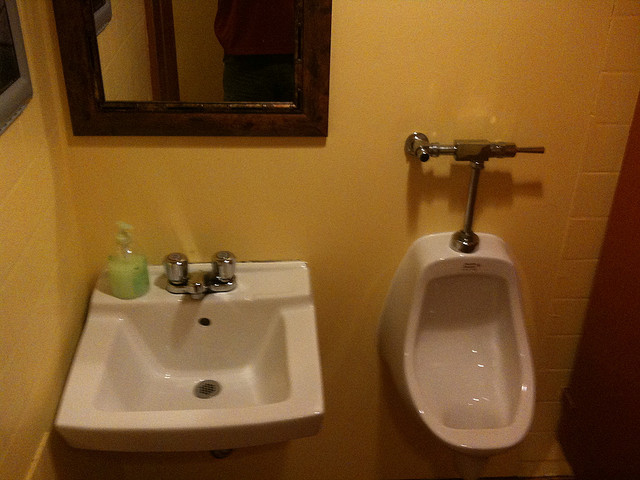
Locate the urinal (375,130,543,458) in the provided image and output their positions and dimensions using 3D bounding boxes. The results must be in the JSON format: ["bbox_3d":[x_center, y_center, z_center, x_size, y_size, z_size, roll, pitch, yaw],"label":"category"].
[{"bbox_3d":[0.384,0.139,1.523,0.454,0.814,0.449,0,23,6],"label":"urinal"}]

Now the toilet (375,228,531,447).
[{"bbox_3d":[0.411,0.278,1.646,0.427,0.663,0.251,1,3,8],"label":"toilet"}]

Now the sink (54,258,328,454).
[{"bbox_3d":[-0.323,0.320,1.521,0.699,0.226,0.655,6,34,3],"label":"sink"}]

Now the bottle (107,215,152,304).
[{"bbox_3d":[-0.529,0.053,1.551,0.112,0.221,0.113,-16,12,3],"label":"bottle"}]

++++++++++

Description of the task:
Set the records down again exactly, with no pictures.

Solution to this exercise:
Locate the urinal (375,130,543,458) in the provided image and output their positions and dimensions using 3D bounding boxes. The results must be in the JSON format: ["bbox_3d":[x_center, y_center, z_center, x_size, y_size, z_size, roll, pitch, yaw],"label":"category"].
[{"bbox_3d":[0.384,0.139,1.523,0.454,0.814,0.449,0,23,6],"label":"urinal"}]

Now the toilet (375,228,531,447).
[{"bbox_3d":[0.411,0.278,1.646,0.427,0.663,0.251,1,3,8],"label":"toilet"}]

Now the sink (54,258,328,454).
[{"bbox_3d":[-0.323,0.320,1.521,0.699,0.226,0.655,6,34,3],"label":"sink"}]

Now the bottle (107,215,152,304).
[{"bbox_3d":[-0.529,0.053,1.551,0.112,0.221,0.113,-16,12,3],"label":"bottle"}]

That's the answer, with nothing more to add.